Remember, although you're expecting twins, you have a right to ask your health professionals to talk you through your options as early in the pregnancy as you like. And rest assured you will still have options. Although giving birth to twins does carry more risks, you may not experience any complications at all. Also, just because you’re carrying twins, it doesn’t mean that labour will be twice as long or twice as painful!

How close to your due date will you go into labour with twins?

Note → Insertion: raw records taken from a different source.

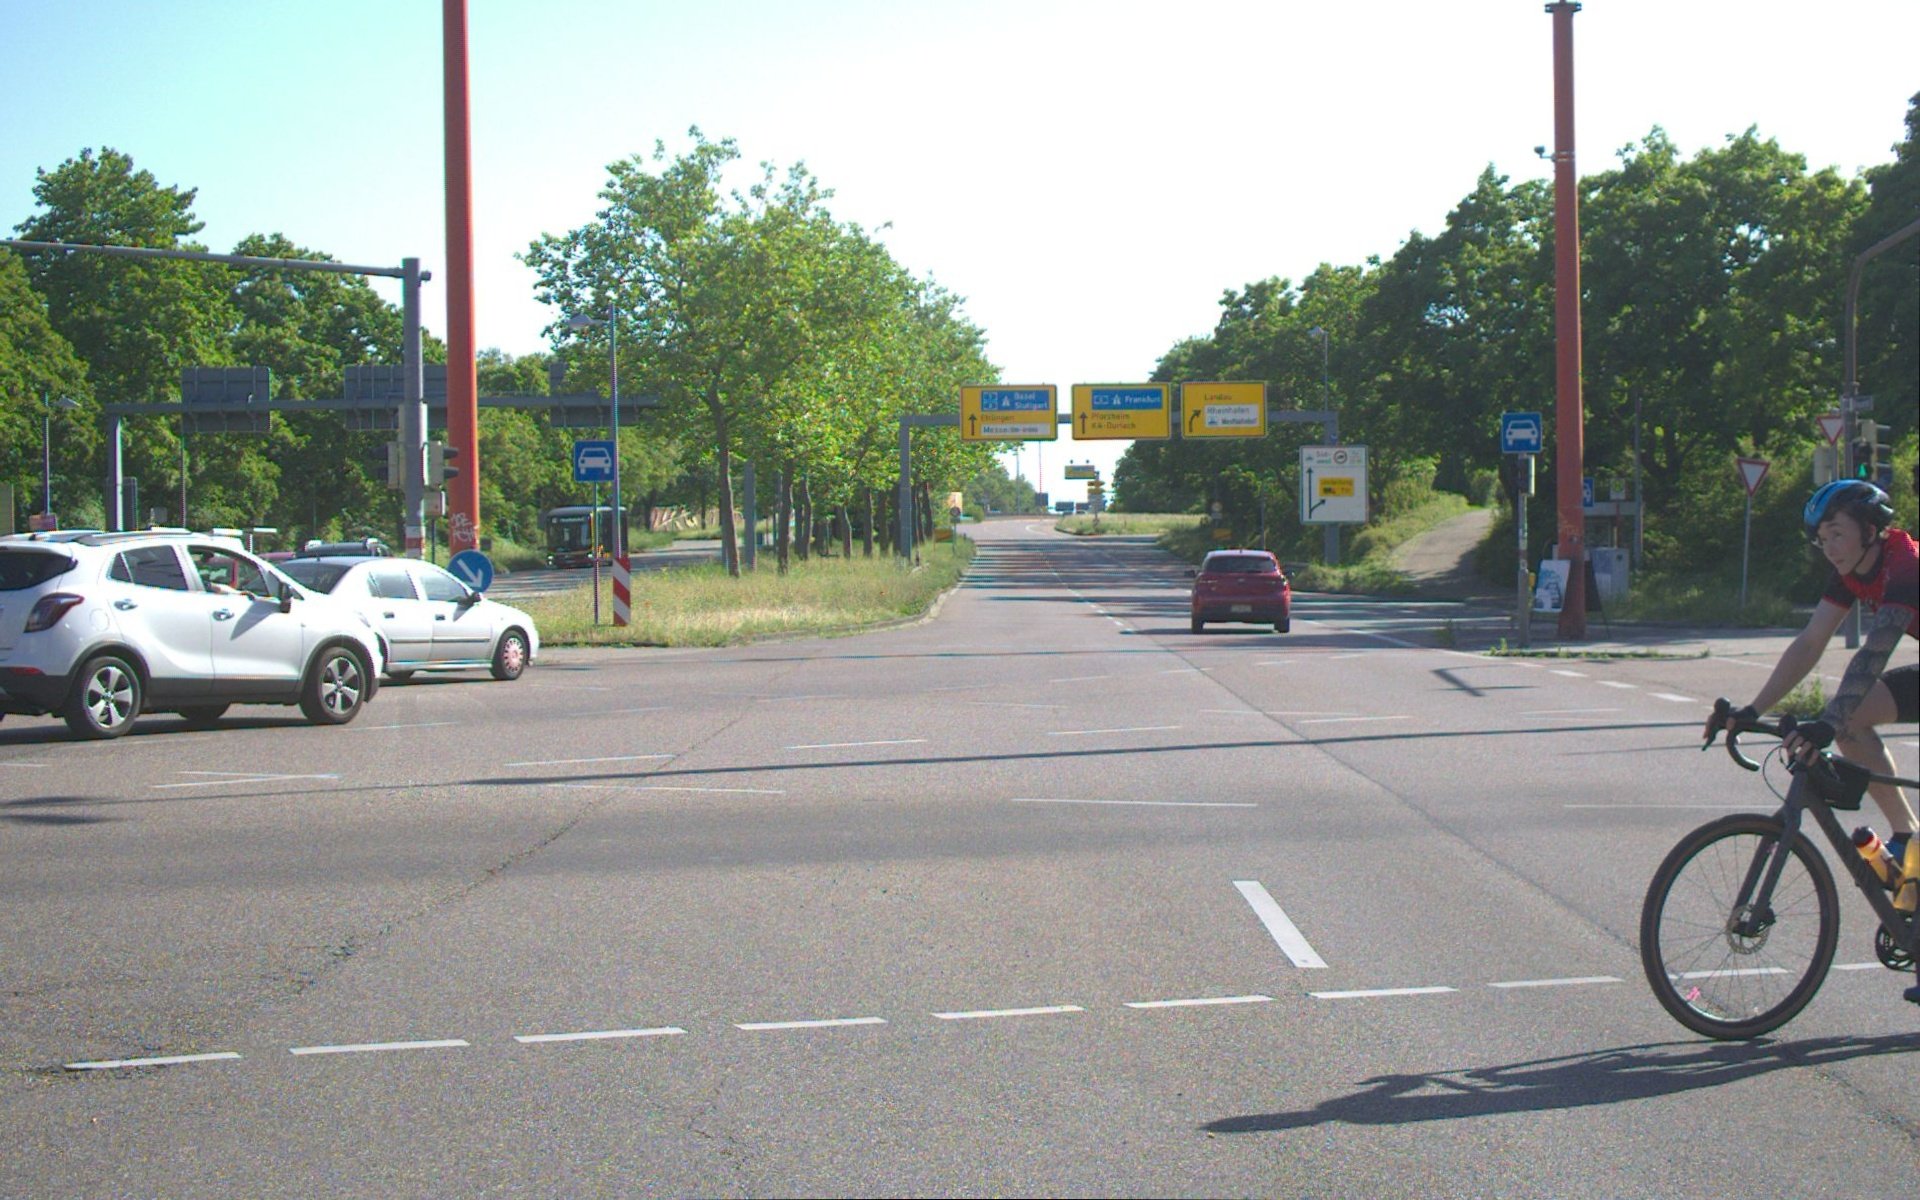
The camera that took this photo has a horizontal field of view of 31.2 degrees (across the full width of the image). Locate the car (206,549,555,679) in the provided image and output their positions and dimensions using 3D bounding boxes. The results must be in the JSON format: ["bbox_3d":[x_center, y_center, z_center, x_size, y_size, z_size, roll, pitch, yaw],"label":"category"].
[{"bbox_3d":[-6.249,0.139,37.474,1.485,1.341,3.993,0,0,32],"label":"car"}]

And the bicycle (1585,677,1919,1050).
[{"bbox_3d":[2.957,0.790,10.858,1.825,1.054,0.723,-1,1,-22],"label":"bicycle"}]

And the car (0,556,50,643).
[{"bbox_3d":[-16.424,-0.018,57.058,1.739,1.406,3.613,-1,1,-1],"label":"car"}]

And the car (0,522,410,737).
[{"bbox_3d":[-6.680,0.184,28.309,1.826,1.630,4.245,0,1,34],"label":"car"}]

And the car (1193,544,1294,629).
[{"bbox_3d":[5.088,-0.263,61.296,1.680,1.430,4.064,0,1,6],"label":"car"}]

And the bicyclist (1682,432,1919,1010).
[{"bbox_3d":[2.914,0.353,10.848,0.993,1.735,0.737,-1,1,-22],"label":"bicyclist"}]

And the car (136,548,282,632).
[{"bbox_3d":[-12.693,-0.191,58.282,1.739,1.357,3.613,-1,1,-1],"label":"car"}]

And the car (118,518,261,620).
[{"bbox_3d":[-15.885,-0.636,71.084,1.893,2.019,5.223,0,1,-1],"label":"car"}]

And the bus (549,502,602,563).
[{"bbox_3d":[-21.067,-3.692,188.732,2.491,3.227,10.002,-1,1,-4],"label":"bus"}]

It’s important to know that twins often come early, and Tamba suggests you have your hospital bag packed from 26 weeks. A survey carried out in 2008 found only 43% of pregnancies with twins lasted over 38 weeks. And 44% of all births involved one or both babies spending some time in neonatal care.

The normal term for a twin pregnancy is 37 weeks although it’s not unusual to go to 40 weeks. If your doctor decides it’s not advisable for the health of you or your twins to go past 38 weeks, they may decide to induce labour. This is usually done with a hormonal pessary or gel and, if necessary, artificial rupture of your membranes (breaking your waters) and a hormonal intravenous drip.

What kind of birth will you have with twins?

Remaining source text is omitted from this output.